:: PROBLEM STATEMENT ::
Give every entry again precisely as it appears.

::: RECORDS SUPPLIED

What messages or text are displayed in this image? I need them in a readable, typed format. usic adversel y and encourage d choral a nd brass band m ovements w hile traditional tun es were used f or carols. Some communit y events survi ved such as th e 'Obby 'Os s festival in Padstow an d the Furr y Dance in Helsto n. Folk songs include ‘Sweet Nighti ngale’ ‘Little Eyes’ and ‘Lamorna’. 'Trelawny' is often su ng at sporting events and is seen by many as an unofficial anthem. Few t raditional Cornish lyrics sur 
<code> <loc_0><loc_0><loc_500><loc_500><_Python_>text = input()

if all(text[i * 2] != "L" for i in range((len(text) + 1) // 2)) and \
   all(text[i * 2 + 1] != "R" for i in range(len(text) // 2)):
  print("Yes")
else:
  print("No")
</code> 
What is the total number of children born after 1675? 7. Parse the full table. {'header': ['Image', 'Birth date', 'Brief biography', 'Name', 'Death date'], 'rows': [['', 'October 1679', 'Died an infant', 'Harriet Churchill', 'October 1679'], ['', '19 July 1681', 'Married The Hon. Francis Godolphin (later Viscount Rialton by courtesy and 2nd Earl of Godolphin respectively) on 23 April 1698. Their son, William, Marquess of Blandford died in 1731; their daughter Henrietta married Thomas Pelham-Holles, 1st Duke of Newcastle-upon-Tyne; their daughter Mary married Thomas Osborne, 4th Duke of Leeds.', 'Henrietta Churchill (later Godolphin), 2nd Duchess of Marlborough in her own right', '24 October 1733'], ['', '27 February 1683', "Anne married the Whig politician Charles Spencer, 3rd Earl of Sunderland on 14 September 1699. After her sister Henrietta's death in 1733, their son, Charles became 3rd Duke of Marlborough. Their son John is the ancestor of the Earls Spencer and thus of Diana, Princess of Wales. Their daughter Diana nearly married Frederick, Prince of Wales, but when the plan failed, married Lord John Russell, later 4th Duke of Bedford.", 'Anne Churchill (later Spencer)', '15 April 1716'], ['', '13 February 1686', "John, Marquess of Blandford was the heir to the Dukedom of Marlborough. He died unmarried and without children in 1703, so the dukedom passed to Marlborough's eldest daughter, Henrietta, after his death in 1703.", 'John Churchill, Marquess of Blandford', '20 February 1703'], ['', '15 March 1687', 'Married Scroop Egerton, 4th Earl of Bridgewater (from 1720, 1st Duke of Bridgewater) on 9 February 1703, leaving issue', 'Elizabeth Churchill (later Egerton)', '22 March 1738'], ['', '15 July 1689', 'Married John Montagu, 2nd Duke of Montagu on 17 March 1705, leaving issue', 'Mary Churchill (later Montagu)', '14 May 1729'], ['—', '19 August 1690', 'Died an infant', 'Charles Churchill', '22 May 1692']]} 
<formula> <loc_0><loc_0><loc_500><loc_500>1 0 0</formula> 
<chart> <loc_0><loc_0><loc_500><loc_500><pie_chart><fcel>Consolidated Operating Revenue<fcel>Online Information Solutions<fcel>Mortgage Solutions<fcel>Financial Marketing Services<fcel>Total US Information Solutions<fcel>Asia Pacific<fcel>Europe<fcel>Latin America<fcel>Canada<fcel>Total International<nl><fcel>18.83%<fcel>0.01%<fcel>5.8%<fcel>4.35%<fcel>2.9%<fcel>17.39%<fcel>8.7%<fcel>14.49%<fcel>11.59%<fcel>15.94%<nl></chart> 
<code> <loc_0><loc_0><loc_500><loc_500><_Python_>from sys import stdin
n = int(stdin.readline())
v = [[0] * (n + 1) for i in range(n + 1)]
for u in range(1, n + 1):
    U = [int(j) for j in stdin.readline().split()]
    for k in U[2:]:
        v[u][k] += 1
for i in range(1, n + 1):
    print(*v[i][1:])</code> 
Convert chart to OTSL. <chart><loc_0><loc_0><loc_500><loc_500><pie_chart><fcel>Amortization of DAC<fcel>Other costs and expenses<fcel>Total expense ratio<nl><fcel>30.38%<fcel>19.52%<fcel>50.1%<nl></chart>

::::::

:: SOLUTION BELOW ::
What messages or text are displayed in this image? I need them in a readable, typed format. usic adversel y and encourage d choral a nd brass band m ovements w hile traditional tun es were used f or carols. Some communit y events survi ved such as th e 'Obby 'Os s festival in Padstow an d the Furr y Dance in Helsto n. Folk songs include ‘Sweet Nighti ngale’ ‘Little Eyes’ and ‘Lamorna’. 'Trelawny' is often su ng at sporting events and is seen by many as an unofficial anthem. Few t raditional Cornish lyrics sur 
<code> <loc_0><loc_0><loc_500><loc_500><_Python_>text = input()

if all(text[i * 2] != "L" for i in range((len(text) + 1) // 2)) and \
   all(text[i * 2 + 1] != "R" for i in range(len(text) // 2)):
  print("Yes")
else:
  print("No")
</code> 
What is the total number of children born after 1675? 7. Parse the full table. {'header': ['Image', 'Birth date', 'Brief biography', 'Name', 'Death date'], 'rows': [['', 'October 1679', 'Died an infant', 'Harriet Churchill', 'October 1679'], ['', '19 July 1681', 'Married The Hon. Francis Godolphin (later Viscount Rialton by courtesy and 2nd Earl of Godolphin respectively) on 23 April 1698. Their son, William, Marquess of Blandford died in 1731; their daughter Henrietta married Thomas Pelham-Holles, 1st Duke of Newcastle-upon-Tyne; their daughter Mary married Thomas Osborne, 4th Duke of Leeds.', 'Henrietta Churchill (later Godolphin), 2nd Duchess of Marlborough in her own right', '24 October 1733'], ['', '27 February 1683', "Anne married the Whig politician Charles Spencer, 3rd Earl of Sunderland on 14 September 1699. After her sister Henrietta's death in 1733, their son, Charles became 3rd Duke of Marlborough. Their son John is the ancestor of the Earls Spencer and thus of Diana, Princess of Wales. Their daughter Diana nearly married Frederick, Prince of Wales, but when the plan failed, married Lord John Russell, later 4th Duke of Bedford.", 'Anne Churchill (later Spencer)', '15 April 1716'], ['', '13 February 1686', "John, Marquess of Blandford was the heir to the Dukedom of Marlborough. He died unmarried and without children in 1703, so the dukedom passed to Marlborough's eldest daughter, Henrietta, after his death in 1703.", 'John Churchill, Marquess of Blandford', '20 February 1703'], ['', '15 March 1687', 'Married Scroop Egerton, 4th Earl of Bridgewater (from 1720, 1st Duke of Bridgewater) on 9 February 1703, leaving issue', 'Elizabeth Churchill (later Egerton)', '22 March 1738'], ['', '15 July 1689', 'Married John Montagu, 2nd Duke of Montagu on 17 March 1705, leaving issue', 'Mary Churchill (later Montagu)', '14 May 1729'], ['—', '19 August 1690', 'Died an infant', 'Charles Churchill', '22 May 1692']]} 
<formula> <loc_0><loc_0><loc_500><loc_500>1 0 0</formula> 
<chart> <loc_0><loc_0><loc_500><loc_500><pie_chart><fcel>Consolidated Operating Revenue<fcel>Online Information Solutions<fcel>Mortgage Solutions<fcel>Financial Marketing Services<fcel>Total US Information Solutions<fcel>Asia Pacific<fcel>Europe<fcel>Latin America<fcel>Canada<fcel>Total International<nl><fcel>18.83%<fcel>0.01%<fcel>5.8%<fcel>4.35%<fcel>2.9%<fcel>17.39%<fcel>8.7%<fcel>14.49%<fcel>11.59%<fcel>15.94%<nl></chart> 
<code> <loc_0><loc_0><loc_500><loc_500><_Python_>from sys import stdin
n = int(stdin.readline())
v = [[0] * (n + 1) for i in range(n + 1)]
for u in range(1, n + 1):
    U = [int(j) for j in stdin.readline().split()]
    for k in U[2:]:
        v[u][k] += 1
for i in range(1, n + 1):
    print(*v[i][1:])</code> 
Convert chart to OTSL. <chart><loc_0><loc_0><loc_500><loc_500><pie_chart><fcel>Amortization of DAC<fcel>Other costs and expenses<fcel>Total expense ratio<nl><fcel>30.38%<fcel>19.52%<fcel>50.1%<nl></chart>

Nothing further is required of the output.